The architecture, in four parts

Every Excité loudspeaker is built on the same architecture: direct measurement of every driver non-linearity that meaningfully contributes to distortion, fed into a real-time, feed-forward correction loop running on FPGA, ahead of per-driver amplification. The architecture is the same in every line; what scales is the driver complement and the cabinet that holds it.

This page is the architecture, broken out into the four areas that make it work: correction, metrology, measurement methodology, and signal path.

01 The thesis

Correction grounded in direct measurement

A loudspeaker's distortion is not random. Every meaningful contribution — motor non-linearity, suspension stiffening at excursion, voice-coil inductance dependence on position and current, surround resonance, thermal modulation of drive strength — is governed by parameters that can, in principle, be measured.
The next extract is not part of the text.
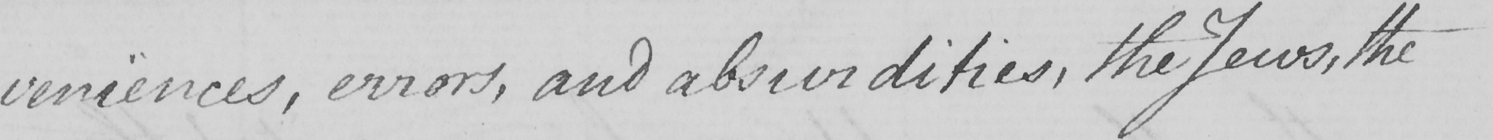Please provide the text content of this handwritten line. -veniences , errors , and absurdities , the Jews , the

What the parameters are doing right now, in this driver, at this signal level, can be known.

Excité's entire architecture is built on that premise. We measure those parameters directly, both during driver characterization and continuously during operation, and we use the measurements to compute a feed-forward correction in real time, per-driver, on FPGA. Nothing in the loop is inferred from terminal signals. Nothing is estimated from a generic model. The correction is built from what we know.

That requires correction architecture, metrology, measurement methodology, and a signal path that all hold together. The four cards below are how we've broken the architecture out for reading.

02 Four areas

One architecture. Four places to look

Each area is its own engineering problem; together they form the loop that runs through every Excité loudspeaker.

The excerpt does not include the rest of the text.